Biz işçilerin alınteriyle büyüyen sermayedarlar yeni yeni fabrikalar, organize sanayiler inşa ediyorlar. Alkışlar eşliğinde devlet erkânının attığı temeller, alınmayan güvenlik önlemleri yüzünden her gün ortalama 5 işçi arkadaşımıza mezar oluyor. Sağlıksız koşullar meslek hastalıklarına yol açıyor. Onlarca işçi sakat kalıyor. Yaşamak için zorunlu olduğumuz çalışma kapitalizm koşullarında bize açlık, yoksulluk ve ölüm getiriyor.

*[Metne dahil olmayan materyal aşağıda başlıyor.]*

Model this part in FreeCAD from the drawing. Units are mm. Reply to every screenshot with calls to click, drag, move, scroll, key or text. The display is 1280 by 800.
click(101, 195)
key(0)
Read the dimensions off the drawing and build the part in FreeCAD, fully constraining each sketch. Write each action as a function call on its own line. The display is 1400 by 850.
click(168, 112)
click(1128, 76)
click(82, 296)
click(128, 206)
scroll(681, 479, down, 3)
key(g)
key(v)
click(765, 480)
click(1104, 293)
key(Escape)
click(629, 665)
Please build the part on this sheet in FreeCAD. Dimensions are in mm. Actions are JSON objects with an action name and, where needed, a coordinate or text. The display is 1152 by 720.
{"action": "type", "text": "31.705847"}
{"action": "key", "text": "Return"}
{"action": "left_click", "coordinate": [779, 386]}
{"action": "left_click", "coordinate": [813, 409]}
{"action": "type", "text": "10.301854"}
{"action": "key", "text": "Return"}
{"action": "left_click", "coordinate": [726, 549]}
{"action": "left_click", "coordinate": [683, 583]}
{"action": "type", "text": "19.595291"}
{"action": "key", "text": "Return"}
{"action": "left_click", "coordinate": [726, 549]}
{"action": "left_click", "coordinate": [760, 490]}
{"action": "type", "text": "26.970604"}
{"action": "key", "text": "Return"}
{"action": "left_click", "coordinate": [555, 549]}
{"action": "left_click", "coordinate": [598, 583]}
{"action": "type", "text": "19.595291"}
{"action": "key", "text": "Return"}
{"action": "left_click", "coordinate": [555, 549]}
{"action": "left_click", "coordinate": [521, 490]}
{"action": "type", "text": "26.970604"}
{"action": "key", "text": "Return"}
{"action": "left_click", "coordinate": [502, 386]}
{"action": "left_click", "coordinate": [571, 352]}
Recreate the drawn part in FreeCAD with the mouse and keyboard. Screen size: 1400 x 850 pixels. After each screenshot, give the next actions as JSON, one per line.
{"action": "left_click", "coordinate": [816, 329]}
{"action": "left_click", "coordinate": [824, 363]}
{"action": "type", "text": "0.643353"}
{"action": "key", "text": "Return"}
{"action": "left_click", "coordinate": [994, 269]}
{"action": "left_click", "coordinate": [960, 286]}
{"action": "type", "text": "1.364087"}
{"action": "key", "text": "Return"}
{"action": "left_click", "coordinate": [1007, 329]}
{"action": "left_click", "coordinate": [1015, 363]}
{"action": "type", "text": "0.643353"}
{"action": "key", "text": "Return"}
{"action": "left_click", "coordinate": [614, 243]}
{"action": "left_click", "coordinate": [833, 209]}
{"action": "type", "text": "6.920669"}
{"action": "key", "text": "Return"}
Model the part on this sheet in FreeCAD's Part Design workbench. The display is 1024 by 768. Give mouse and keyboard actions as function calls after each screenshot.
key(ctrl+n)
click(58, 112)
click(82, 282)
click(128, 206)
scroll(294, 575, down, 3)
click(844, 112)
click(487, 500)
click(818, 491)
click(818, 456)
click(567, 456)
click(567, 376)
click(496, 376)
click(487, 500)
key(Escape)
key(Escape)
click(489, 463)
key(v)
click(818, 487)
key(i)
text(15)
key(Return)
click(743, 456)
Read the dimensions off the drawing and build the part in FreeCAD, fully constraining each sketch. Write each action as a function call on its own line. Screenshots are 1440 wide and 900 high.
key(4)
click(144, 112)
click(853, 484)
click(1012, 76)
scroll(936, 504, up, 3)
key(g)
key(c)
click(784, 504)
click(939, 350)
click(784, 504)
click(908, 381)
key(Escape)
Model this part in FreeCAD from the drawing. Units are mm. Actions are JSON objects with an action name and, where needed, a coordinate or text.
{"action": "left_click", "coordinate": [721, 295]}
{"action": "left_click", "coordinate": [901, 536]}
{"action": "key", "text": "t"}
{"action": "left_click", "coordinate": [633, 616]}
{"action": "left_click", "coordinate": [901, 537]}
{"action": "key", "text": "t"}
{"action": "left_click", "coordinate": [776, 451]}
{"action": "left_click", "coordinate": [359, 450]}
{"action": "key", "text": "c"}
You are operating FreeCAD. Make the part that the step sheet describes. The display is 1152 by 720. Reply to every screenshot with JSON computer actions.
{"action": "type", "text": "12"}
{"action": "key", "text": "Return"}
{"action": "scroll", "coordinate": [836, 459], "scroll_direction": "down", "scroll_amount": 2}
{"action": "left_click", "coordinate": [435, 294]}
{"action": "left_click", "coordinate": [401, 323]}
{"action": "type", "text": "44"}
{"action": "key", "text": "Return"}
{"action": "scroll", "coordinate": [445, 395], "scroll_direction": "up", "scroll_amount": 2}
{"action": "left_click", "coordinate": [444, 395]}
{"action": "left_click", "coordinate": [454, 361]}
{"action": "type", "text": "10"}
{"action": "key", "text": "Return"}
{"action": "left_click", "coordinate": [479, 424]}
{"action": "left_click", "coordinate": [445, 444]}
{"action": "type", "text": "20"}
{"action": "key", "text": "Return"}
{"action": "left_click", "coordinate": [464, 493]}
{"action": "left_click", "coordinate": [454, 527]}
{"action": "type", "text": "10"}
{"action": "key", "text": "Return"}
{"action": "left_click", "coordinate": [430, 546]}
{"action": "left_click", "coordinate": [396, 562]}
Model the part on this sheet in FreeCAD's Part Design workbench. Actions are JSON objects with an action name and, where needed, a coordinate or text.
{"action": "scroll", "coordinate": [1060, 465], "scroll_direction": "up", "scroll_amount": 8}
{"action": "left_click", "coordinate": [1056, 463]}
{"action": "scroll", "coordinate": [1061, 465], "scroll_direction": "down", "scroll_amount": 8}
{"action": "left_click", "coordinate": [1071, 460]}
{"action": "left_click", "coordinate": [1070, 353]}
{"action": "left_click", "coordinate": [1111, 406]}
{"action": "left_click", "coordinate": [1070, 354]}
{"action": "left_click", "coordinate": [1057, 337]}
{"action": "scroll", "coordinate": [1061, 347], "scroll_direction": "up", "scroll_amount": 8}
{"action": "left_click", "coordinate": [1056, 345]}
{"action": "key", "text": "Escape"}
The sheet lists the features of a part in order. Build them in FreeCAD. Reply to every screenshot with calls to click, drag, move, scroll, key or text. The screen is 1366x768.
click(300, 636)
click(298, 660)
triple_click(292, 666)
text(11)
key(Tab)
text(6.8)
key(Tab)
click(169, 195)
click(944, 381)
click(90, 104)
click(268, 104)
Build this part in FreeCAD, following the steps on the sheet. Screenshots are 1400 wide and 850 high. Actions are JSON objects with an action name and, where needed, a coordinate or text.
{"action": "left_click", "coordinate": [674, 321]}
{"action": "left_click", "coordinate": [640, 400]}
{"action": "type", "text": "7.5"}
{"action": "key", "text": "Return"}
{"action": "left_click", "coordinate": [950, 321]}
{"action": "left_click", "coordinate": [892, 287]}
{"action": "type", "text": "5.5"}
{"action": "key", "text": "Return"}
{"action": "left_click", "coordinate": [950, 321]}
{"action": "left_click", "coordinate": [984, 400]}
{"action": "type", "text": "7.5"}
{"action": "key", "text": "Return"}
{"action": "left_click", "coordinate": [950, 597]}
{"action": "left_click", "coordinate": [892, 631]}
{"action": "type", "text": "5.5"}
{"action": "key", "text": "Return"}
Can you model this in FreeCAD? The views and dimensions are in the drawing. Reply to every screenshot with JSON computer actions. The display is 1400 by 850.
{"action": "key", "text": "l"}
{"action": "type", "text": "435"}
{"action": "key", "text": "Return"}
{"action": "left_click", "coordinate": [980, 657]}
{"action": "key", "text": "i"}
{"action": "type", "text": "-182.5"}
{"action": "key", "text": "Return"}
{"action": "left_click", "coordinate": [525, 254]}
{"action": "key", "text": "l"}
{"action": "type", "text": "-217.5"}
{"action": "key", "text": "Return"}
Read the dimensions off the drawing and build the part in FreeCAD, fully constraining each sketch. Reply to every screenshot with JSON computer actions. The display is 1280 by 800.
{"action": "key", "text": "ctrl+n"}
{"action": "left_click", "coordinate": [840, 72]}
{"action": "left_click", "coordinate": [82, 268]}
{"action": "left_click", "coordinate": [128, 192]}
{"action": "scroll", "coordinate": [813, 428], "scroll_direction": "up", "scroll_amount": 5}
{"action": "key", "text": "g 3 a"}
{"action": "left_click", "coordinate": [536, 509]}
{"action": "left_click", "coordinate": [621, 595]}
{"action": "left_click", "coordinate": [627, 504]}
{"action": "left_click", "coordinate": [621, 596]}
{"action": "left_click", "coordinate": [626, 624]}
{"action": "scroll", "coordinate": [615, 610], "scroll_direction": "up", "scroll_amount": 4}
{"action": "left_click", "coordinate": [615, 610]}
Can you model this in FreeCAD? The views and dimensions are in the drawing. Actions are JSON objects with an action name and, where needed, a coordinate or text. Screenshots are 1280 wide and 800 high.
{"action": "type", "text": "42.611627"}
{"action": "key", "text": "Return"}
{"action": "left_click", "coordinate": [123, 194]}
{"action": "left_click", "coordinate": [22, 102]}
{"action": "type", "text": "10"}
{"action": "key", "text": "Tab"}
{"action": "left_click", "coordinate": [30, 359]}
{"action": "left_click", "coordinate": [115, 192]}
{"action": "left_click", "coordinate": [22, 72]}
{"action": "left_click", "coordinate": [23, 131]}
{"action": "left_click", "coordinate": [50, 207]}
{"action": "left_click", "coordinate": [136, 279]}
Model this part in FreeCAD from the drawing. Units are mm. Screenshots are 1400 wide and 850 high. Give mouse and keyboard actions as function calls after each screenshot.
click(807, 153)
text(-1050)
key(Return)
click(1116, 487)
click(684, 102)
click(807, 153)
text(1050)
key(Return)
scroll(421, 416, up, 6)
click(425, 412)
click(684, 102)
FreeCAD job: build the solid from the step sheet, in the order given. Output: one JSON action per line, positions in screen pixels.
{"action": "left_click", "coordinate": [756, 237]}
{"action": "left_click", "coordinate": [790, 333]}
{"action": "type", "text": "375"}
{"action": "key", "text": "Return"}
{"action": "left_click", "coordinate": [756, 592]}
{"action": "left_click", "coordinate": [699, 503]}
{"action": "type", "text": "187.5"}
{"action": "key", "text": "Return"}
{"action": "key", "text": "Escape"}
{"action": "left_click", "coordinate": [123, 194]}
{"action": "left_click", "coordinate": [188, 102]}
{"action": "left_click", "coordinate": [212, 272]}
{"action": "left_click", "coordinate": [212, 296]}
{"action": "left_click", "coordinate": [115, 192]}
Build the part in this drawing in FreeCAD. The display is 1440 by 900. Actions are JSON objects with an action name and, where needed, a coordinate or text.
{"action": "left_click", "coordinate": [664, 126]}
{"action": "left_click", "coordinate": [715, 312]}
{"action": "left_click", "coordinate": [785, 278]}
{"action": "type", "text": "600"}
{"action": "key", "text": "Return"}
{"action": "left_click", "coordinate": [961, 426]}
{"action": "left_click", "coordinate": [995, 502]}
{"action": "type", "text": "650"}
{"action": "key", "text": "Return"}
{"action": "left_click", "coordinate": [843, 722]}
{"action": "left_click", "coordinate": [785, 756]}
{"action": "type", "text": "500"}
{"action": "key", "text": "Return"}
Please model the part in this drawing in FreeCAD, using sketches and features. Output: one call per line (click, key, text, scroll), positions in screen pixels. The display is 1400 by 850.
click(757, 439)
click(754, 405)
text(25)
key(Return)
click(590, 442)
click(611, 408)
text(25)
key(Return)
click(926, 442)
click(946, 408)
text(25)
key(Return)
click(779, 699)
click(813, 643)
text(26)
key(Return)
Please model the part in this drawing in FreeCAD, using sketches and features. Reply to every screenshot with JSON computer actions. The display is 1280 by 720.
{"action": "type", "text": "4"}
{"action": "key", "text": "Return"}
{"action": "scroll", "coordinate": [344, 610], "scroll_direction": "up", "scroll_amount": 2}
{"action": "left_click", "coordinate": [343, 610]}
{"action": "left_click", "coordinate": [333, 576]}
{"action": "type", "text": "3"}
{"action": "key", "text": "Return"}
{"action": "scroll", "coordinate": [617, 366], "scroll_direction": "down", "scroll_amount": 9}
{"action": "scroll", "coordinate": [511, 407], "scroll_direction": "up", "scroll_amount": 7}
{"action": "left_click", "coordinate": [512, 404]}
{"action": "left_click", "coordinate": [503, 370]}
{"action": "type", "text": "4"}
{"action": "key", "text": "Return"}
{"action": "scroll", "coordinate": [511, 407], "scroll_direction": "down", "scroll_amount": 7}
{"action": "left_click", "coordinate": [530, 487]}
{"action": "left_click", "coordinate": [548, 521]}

Oysa ki dünyadaki tüm zenginlikleri bizler üretiyoruz. Birimiz lastiğini yapmıştır, birimiz camını, diğeri pedalını… Binlerce otomobil çıkmıştır ellerimizden, biz çocuğumuza oyuncak bir otomobil alabilme umuduyla çalışırken… Çocuklarımız daha iyi bir okula gitsin diye fazla mesailere kalırken, bulunduğumuz şehrin belki bütün kırtasiye araç gereçlerini üretmişizdir. Okulun duvarları için kullanılan demirleri, pencere küpeştelerini, sıraların somunlarını… Saymakla bitmez ürettiklerimiz ama mesele ürettiklerimize güç yetiremeyişimiz. Ürettikçe sağlığımızdan oluşumuz, insanlıktan çıkışımız, tükenişimiz…
Sadece biz işçiler de değil, sermaye hem yarattığı koşullarla hem de meslek edindirme, iş imkânı yalanıyla çocuklarımızı da erkenden sömürü çarkının arasına alıyor. İş cinayetlerine çocuklarımızı ekliyor. Kayıtsız çocuk işçilikle, çıraklık adı altında sömürüyle, staj diye gidilen fabrikalarda yaşanan kazalarla çocuklarımızı ölüme bir adım daha yakınlaştırıyorlar. Bunlardan biri olan Azra Oymak, sanayiye kurulan “okuluna” giderken can verdi. Azra’nın liseli arkadaşları her gün tırların arasından dersliklerine ulaşmaya çalışıyor. Ateş pahası servis ücretleri, yapılmayan alt ve üst geçitler çocuklarımızı tehlikeye sokuyor. Mesele okula gitmekle de bitmiyor. Sermayenin sömürü çarkları arasında çocuklarımız da öğütülüyor.
Her türlü sömürü koşullarına maruz kalan ama bunu sırf çocuklarımız böyle yaşamasın, iyi koşullara sahip olsun diye gerekçelendirmeye çalışan bizler iyi düşünmeliyiz. Bugün sustuğumuz her şeyi çocuklarımıza bırakıyoruz. Bizim bugünümüz onların yarını. Mücadele etmediğimiz, değiştiremediğimiz her şey çocuklarımızın önüne engel olarak çıkacak. Azra bize bir kez daha acı bir şekilde gösterdi bunu. Sermayeye karşı vereceğimiz her savaş ise, koşullarımızı düzeltmek ve çocuklarımıza daha iyi bir gelecek bırakabilmek demektir. Bunun için bize ve çocuklarımıza mezar kazan bu düzene karşı mücadele etmek kaçınılmaz bir sorumluluktur.
Sen susma ki insanca yaşamaya bir adım daha yaklaş! Sen susma ki senin neslin ve ardından gelenler senden mücadeleyi ve bedellerle kazandıklarını öğrensin, uygulasın, güvencelesin!